I am unfamiliar with STIR/SHAKEN, but Wikipedia describes it as "a suite of protocols and procedures intended to combat caller ID spoofing". This is fraudulent in the sense of "the caller is not who they claim to be," and not "this caller is on our blacklist" or even "is not on our whitelist". YMMV as some countries require GSM subscribers to ID themselves, but it's still far from a central entity deciding who is allowed to call you.

andoando1 day ago
I think that makes sense if you also agree to not have any protections from them for getting scammed.

But otherwise I agree, I hate the same shit about requiring 2fa. Let me fucking decide about how much I care about my account being stolen.

avianlyric1 day ago
> But should they? Should we also accept Google's browser signing and ban all browsers the bank doesn't like?

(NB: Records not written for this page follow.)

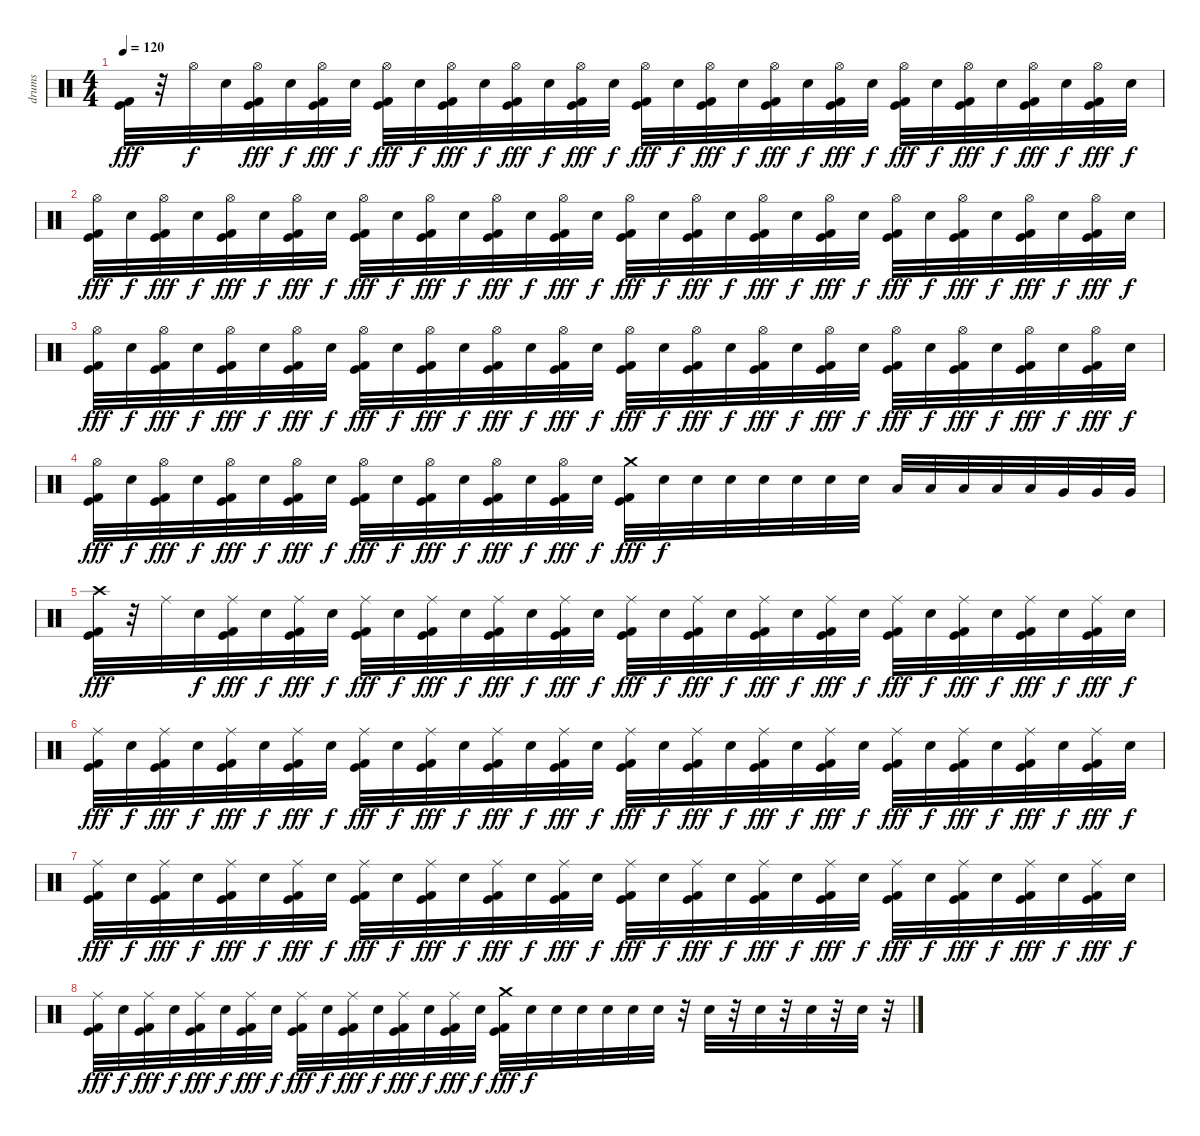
\track ("drums" "drums") {instrument percussion}
\staff {score}
\articulation defaults
\ts (4 4)
\tempo 120
\clef neutral
\ks c
("Kick (hit)" "Kick (hit) 2").32{dy fff} r.32 "Hi-Hat (open)".32{dy f} "Electric Snare (hit)".32 ("Hi-Hat (open)" "Kick (hit)" "Kick (hit) 2").32{dy fff} "Electric Snare (hit)".32{dy f} ("Hi-Hat (open)" "Kick (hit)" "Kick (hit) 2").32{dy fff} "Electric Snare (hit)".32{dy f} ("Hi-Hat (open)" "Kick (hit)" "Kick (hit) 2").32{dy fff} "Electric Snare (hit)".32{dy f} ("Hi-Hat (open)" "Kick (hit)" "Kick (hit) 2").32{dy fff} "Electric Snare (hit)".32{dy f} ("Hi-Hat (open)" "Kick (hit)" "Kick (hit) 2").32{dy fff} "Electric Snare (hit)".32{dy f} ("Hi-Hat (open)" "Kick (hit)" "Kick (hit) 2").32{dy fff} "Electric Snare (hit)".32{dy f} ("Hi-Hat (open)" "Kick (hit)" "Kick (hit) 2").32{dy fff} "Electric Snare (hit)".32{dy f} ("Hi-Hat (open)" "Kick (hit)" "Kick (hit) 2").32{dy fff} "Electric Snare (hit)".32{dy f} ("Hi-Hat (open)" "Kick (hit)" "Kick (hit) 2").32{dy fff} "Electric Snare (hit)".32{dy f} ("Hi-Hat (open)" "Kick (hit)" "Kick (hit) 2").32{dy fff} "Electric Snare (hit)".32{dy f} ("Hi-Hat (open)" "Kick (hit)" "Kick (hit) 2").32{dy fff} "Electric Snare (hit)".32{dy f} ("Hi-Hat (open)" "Kick (hit)" "Kick (hit) 2").32{dy fff} "Electric Snare (hit)".32{dy f} ("Hi-Hat (open)" "Kick (hit)" "Kick (hit) 2").32{dy fff} "Electric Snare (hit)".32{dy f} ("Hi-Hat (open)" "Kick (hit)" "Kick (hit) 2").32{dy fff} "Electric Snare (hit)".32{dy f} |
("Hi-Hat (open)" "Kick (hit)" "Kick (hit) 2").32{dy fff} "Electric Snare (hit)".32{dy f} ("Hi-Hat (open)" "Kick (hit)" "Kick (hit) 2").32{dy fff} "Electric Snare (hit)".32{dy f} ("Hi-Hat (open)" "Kick (hit)" "Kick (hit) 2").32{dy fff} "Electric Snare (hit)".32{dy f} ("Hi-Hat (open)" "Kick (hit)" "Kick (hit) 2").32{dy fff} "Electric Snare (hit)".32{dy f} ("Hi-Hat (open)" "Kick (hit)" "Kick (hit) 2").32{dy fff} "Electric Snare (hit)".32{dy f} ("Hi-Hat (open)" "Kick (hit)" "Kick (hit) 2").32{dy fff} "Electric Snare (hit)".32{dy f} ("Hi-Hat (open)" "Kick (hit)" "Kick (hit) 2").32{dy fff} "Electric Snare (hit)".32{dy f} ("Hi-Hat (open)" "Kick (hit)" "Kick (hit) 2").32{dy fff} "Electric Snare (hit)".32{dy f} ("Hi-Hat (open)" "Kick (hit)" "Kick (hit) 2").32{dy fff} "Electric Snare (hit)".32{dy f} ("Hi-Hat (open)" "Kick (hit)" "Kick (hit) 2").32{dy fff} "Electric Snare (hit)".32{dy f} ("Hi-Hat (open)" "Kick (hit)" "Kick (hit) 2").32{dy fff} "Electric Snare (hit)".32{dy f} ("Hi-Hat (open)" "Kick (hit)" "Kick (hit) 2").32{dy fff} "Electric Snare (hit)".32{dy f} ("Hi-Hat (open)" "Kick (hit)" "Kick (hit) 2").32{dy fff} "Electric Snare (hit)".32{dy f} ("Hi-Hat (open)" "Kick (hit)" "Kick (hit) 2").32{dy fff} "Electric Snare (hit)".32{dy f} ("Hi-Hat (open)" "Kick (hit)" "Kick (hit) 2").32{dy fff} "Electric Snare (hit)".32{dy f} ("Hi-Hat (open)" "Kick (hit)" "Kick (hit) 2").32{dy fff} "Electric Snare (hit)".32{dy f} |
("Hi-Hat (open)" "Kick (hit)" "Kick (hit) 2").32{dy fff} "Electric Snare (hit)".32{dy f} ("Hi-Hat (open)" "Kick (hit)" "Kick (hit) 2").32{dy fff} "Electric Snare (hit)".32{dy f} ("Hi-Hat (open)" "Kick (hit)" "Kick (hit) 2").32{dy fff} "Electric Snare (hit)".32{dy f} ("Hi-Hat (open)" "Kick (hit)" "Kick (hit) 2").32{dy fff} "Electric Snare (hit)".32{dy f} ("Hi-Hat (open)" "Kick (hit)" "Kick (hit) 2").32{dy fff} "Electric Snare (hit)".32{dy f} ("Hi-Hat (open)" "Kick (hit)" "Kick (hit) 2").32{dy fff} "Electric Snare (hit)".32{dy f} ("Hi-Hat (open)" "Kick (hit)" "Kick (hit) 2").32{dy fff} "Electric Snare (hit)".32{dy f} ("Hi-Hat (open)" "Kick (hit)" "Kick (hit) 2").32{dy fff} "Electric Snare (hit)".32{dy f} ("Hi-Hat (open)" "Kick (hit)" "Kick (hit) 2").32{dy fff} "Electric Snare (hit)".32{dy f} ("Hi-Hat (open)" "Kick (hit)" "Kick (hit) 2").32{dy fff} "Electric Snare (hit)".32{dy f} ("Hi-Hat (open)" "Kick (hit)" "Kick (hit) 2").32{dy fff} "Electric Snare (hit)".32{dy f} ("Hi-Hat (open)" "Kick (hit)" "Kick (hit) 2").32{dy fff} "Electric Snare (hit)".32{dy f} ("Hi-Hat (open)" "Kick (hit)" "Kick (hit) 2").32{dy fff} "Electric Snare (hit)".32{dy f} ("Hi-Hat (open)" "Kick (hit)" "Kick (hit) 2").32{dy fff} "Electric Snare (hit)".32{dy f} ("Hi-Hat (open)" "Kick (hit)" "Kick (hit) 2").32{dy fff} "Electric Snare (hit)".32{dy f} ("Hi-Hat (open)" "Kick (hit)" "Kick (hit) 2").32{dy fff} "Electric Snare (hit)".32{dy f} |
("Hi-Hat (open)" "Kick (hit)" "Kick (hit) 2").32{dy fff} "Electric Snare (hit)".32{dy f} ("Hi-Hat (open)" "Kick (hit)" "Kick (hit) 2").32{dy fff} "Electric Snare (hit)".32{dy f} ("Hi-Hat (open)" "Kick (hit)" "Kick (hit) 2").32{dy fff} "Electric Snare (hit)".32{dy f} ("Hi-Hat (open)" "Kick (hit)" "Kick (hit) 2").32{dy fff} "Electric Snare (hit)".32{dy f} ("Hi-Hat (open)" "Kick (hit)" "Kick (hit) 2").32{dy fff} "Electric Snare (hit)".32{dy f} ("Hi-Hat (open)" "Kick (hit)" "Kick (hit) 2").32{dy fff} "Electric Snare (hit)".32{dy f} ("Hi-Hat (open)" "Kick (hit)" "Kick (hit) 2").32{dy fff} "Electric Snare (hit)".32{dy f} ("Hi-Hat (open)" "Kick (hit)" "Kick (hit) 2").32{dy fff} "Electric Snare (hit)".32{dy f} ("Crash medium (hit)" "Kick (hit)" "Kick (hit) 2").32{dy fff} "Electric Snare (hit)".32{dy f} "Electric Snare (hit)".32 "Electric Snare (hit)".32 "Electric Snare (hit)".32 "Electric Snare (hit)".32 "Electric Snare (hit)".32 "Electric Snare (hit)".32 "Low Tom (hit)".32 "Low Tom (hit)".32 "Low Tom (hit)".32 "Low Tom (hit)".32 "Low Tom (hit)".32 "Very Low Tom (hit)".32 "Very Low Tom (hit)".32 "Very Low Tom (hit)".32 |
("Crash high (hit)" "Kick (hit)" "Kick (hit) 2").32{dy fff} r.32 "Ride (middle)".32 "Electric Snare (hit)".32{dy f} ("Ride (middle)" "Kick (hit)" "Kick (hit) 2").32{dy fff} "Electric Snare (hit)".32{dy f} ("Ride (middle)" "Kick (hit)" "Kick (hit) 2").32{dy fff} "Electric Snare (hit)".32{dy f} ("Ride (middle)" "Kick (hit)" "Kick (hit) 2").32{dy fff} "Electric Snare (hit)".32{dy f} ("Ride (middle)" "Kick (hit)" "Kick (hit) 2").32{dy fff} "Electric Snare (hit)".32{dy f} ("Ride (middle)" "Kick (hit)" "Kick (hit) 2").32{dy fff} "Electric Snare (hit)".32{dy f} ("Ride (middle)" "Kick (hit)" "Kick (hit) 2").32{dy fff} "Electric Snare (hit)".32{dy f} ("Ride (middle)" "Kick (hit)" "Kick (hit) 2").32{dy fff} "Electric Snare (hit)".32{dy f} ("Ride (middle)" "Kick (hit)" "Kick (hit) 2").32{dy fff} "Electric Snare (hit)".32{dy f} ("Ride (middle)" "Kick (hit)" "Kick (hit) 2").32{dy fff} "Electric Snare (hit)".32{dy f} ("Ride (middle)" "Kick (hit)" "Kick (hit) 2").32{dy fff} "Electric Snare (hit)".32{dy f} ("Ride (middle)" "Kick (hit)" "Kick (hit) 2").32{dy fff} "Electric Snare (hit)".32{dy f} ("Ride (middle)" "Kick (hit)" "Kick (hit) 2").32{dy fff} "Electric Snare (hit)".32{dy f} ("Ride (middle)" "Kick (hit)" "Kick (hit) 2").32{dy fff} "Electric Snare (hit)".32{dy f} ("Ride (middle)" "Kick (hit)" "Kick (hit) 2").32{dy fff} "Electric Snare (hit)".32{dy f} |
("Ride (middle)" "Kick (hit)" "Kick (hit) 2").32{dy fff} "Electric Snare (hit)".32{dy f} ("Ride (middle)" "Kick (hit)" "Kick (hit) 2").32{dy fff} "Electric Snare (hit)".32{dy f} ("Ride (middle)" "Kick (hit)" "Kick (hit) 2").32{dy fff} "Electric Snare (hit)".32{dy f} ("Ride (middle)" "Kick (hit)" "Kick (hit) 2").32{dy fff} "Electric Snare (hit)".32{dy f} ("Ride (middle)" "Kick (hit)" "Kick (hit) 2").32{dy fff} "Electric Snare (hit)".32{dy f} ("Ride (middle)" "Kick (hit)" "Kick (hit) 2").32{dy fff} "Electric Snare (hit)".32{dy f} ("Ride (middle)" "Kick (hit)" "Kick (hit) 2").32{dy fff} "Electric Snare (hit)".32{dy f} ("Ride (middle)" "Kick (hit)" "Kick (hit) 2").32{dy fff} "Electric Snare (hit)".32{dy f} ("Ride (middle)" "Kick (hit)" "Kick (hit) 2").32{dy fff} "Electric Snare (hit)".32{dy f} ("Ride (middle)" "Kick (hit)" "Kick (hit) 2").32{dy fff} "Electric Snare (hit)".32{dy f} ("Ride (middle)" "Kick (hit)" "Kick (hit) 2").32{dy fff} "Electric Snare (hit)".32{dy f} ("Ride (middle)" "Kick (hit)" "Kick (hit) 2").32{dy fff} "Electric Snare (hit)".32{dy f} ("Ride (middle)" "Kick (hit)" "Kick (hit) 2").32{dy fff} "Electric Snare (hit)".32{dy f} ("Ride (middle)" "Kick (hit)" "Kick (hit) 2").32{dy fff} "Electric Snare (hit)".32{dy f} ("Ride (middle)" "Kick (hit)" "Kick (hit) 2").32{dy fff} "Electric Snare (hit)".32{dy f} ("Ride (middle)" "Kick (hit)" "Kick (hit) 2").32{dy fff} "Electric Snare (hit)".32{dy f} |
("Ride (middle)" "Kick (hit)" "Kick (hit) 2").32{dy fff} "Electric Snare (hit)".32{dy f} ("Ride (middle)" "Kick (hit)" "Kick (hit) 2").32{dy fff} "Electric Snare (hit)".32{dy f} ("Ride (middle)" "Kick (hit)" "Kick (hit) 2").32{dy fff} "Electric Snare (hit)".32{dy f} ("Ride (middle)" "Kick (hit)" "Kick (hit) 2").32{dy fff} "Electric Snare (hit)".32{dy f} ("Ride (middle)" "Kick (hit)" "Kick (hit) 2").32{dy fff} "Electric Snare (hit)".32{dy f} ("Ride (middle)" "Kick (hit)" "Kick (hit) 2").32{dy fff} "Electric Snare (hit)".32{dy f} ("Ride (middle)" "Kick (hit)" "Kick (hit) 2").32{dy fff} "Electric Snare (hit)".32{dy f} ("Ride (middle)" "Kick (hit)" "Kick (hit) 2").32{dy fff} "Electric Snare (hit)".32{dy f} ("Ride (middle)" "Kick (hit)" "Kick (hit) 2").32{dy fff} "Electric Snare (hit)".32{dy f} ("Ride (middle)" "Kick (hit)" "Kick (hit) 2").32{dy fff} "Electric Snare (hit)".32{dy f} ("Ride (middle)" "Kick (hit)" "Kick (hit) 2").32{dy fff} "Electric Snare (hit)".32{dy f} ("Ride (middle)" "Kick (hit)" "Kick (hit) 2").32{dy fff} "Electric Snare (hit)".32{dy f} ("Ride (middle)" "Kick (hit)" "Kick (hit) 2").32{dy fff} "Electric Snare (hit)".32{dy f} ("Ride (middle)" "Kick (hit)" "Kick (hit) 2").32{dy fff} "Electric Snare (hit)".32{dy f} ("Ride (middle)" "Kick (hit)" "Kick (hit) 2").32{dy fff} "Electric Snare (hit)".32{dy f} ("Ride (middle)" "Kick (hit)" "Kick (hit) 2").32{dy fff} "Electric Snare (hit)".32{dy f} |
("Ride (middle)" "Kick (hit)" "Kick (hit) 2").32{dy fff} "Electric Snare (hit)".32{dy f} ("Ride (middle)" "Kick (hit)" "Kick (hit) 2").32{dy fff} "Electric Snare (hit)".32{dy f} ("Ride (middle)" "Kick (hit)" "Kick (hit) 2").32{dy fff} "Electric Snare (hit)".32{dy f} ("Ride (middle)" "Kick (hit)" "Kick (hit) 2").32{dy fff} "Electric Snare (hit)".32{dy f} ("Ride (middle)" "Kick (hit)" "Kick (hit) 2").32{dy fff} "Electric Snare (hit)".32{dy f} ("Ride (middle)" "Kick (hit)" "Kick (hit) 2").32{dy fff} "Electric Snare (hit)".32{dy f} ("Ride (middle)" "Kick (hit)" "Kick (hit) 2").32{dy fff} "Electric Snare (hit)".32{dy f} ("Ride (middle)" "Kick (hit)" "Kick (hit) 2").32{dy fff} "Electric Snare (hit)".32{dy f} ("Crash medium (hit)" "Kick (hit)" "Kick (hit) 2").32{dy fff} "Electric Snare (hit)".32{dy f} "Electric Snare (hit)".32 "Electric Snare (hit)".32 "Electric Snare (hit)".32 "Electric Snare (hit)".32 "Electric Snare (hit)".32 r.32 "Electric Snare (hit)".32 r.32 "Electric Snare (hit)".32 r.32 "Electric Snare (hit)".32 r.32 "Electric Snare (hit)".32 r.32

If you want to hold the banks liable for fraud committed against you (which is exactly what happens in many countries), then it’s hardly reasonable to say that they’re not allowed to use what ever technical options they can to prevent that fraud.

You can put forward the argument that banks simply shouldn’t be responsible for fraud committed against their customers. But we only need to look at world of cryptocurrencies to see how well that works in reality.

creata1 day ago
> it’s hardly reasonable to say that they’re not allowed to use what ever technical options they can to prevent that fraud.

Of course it's reasonable? You can give someone a job and also ask them to do it a certain way.

avianlyric12 hours ago
> You can give someone a job and also ask them to do it a certain way.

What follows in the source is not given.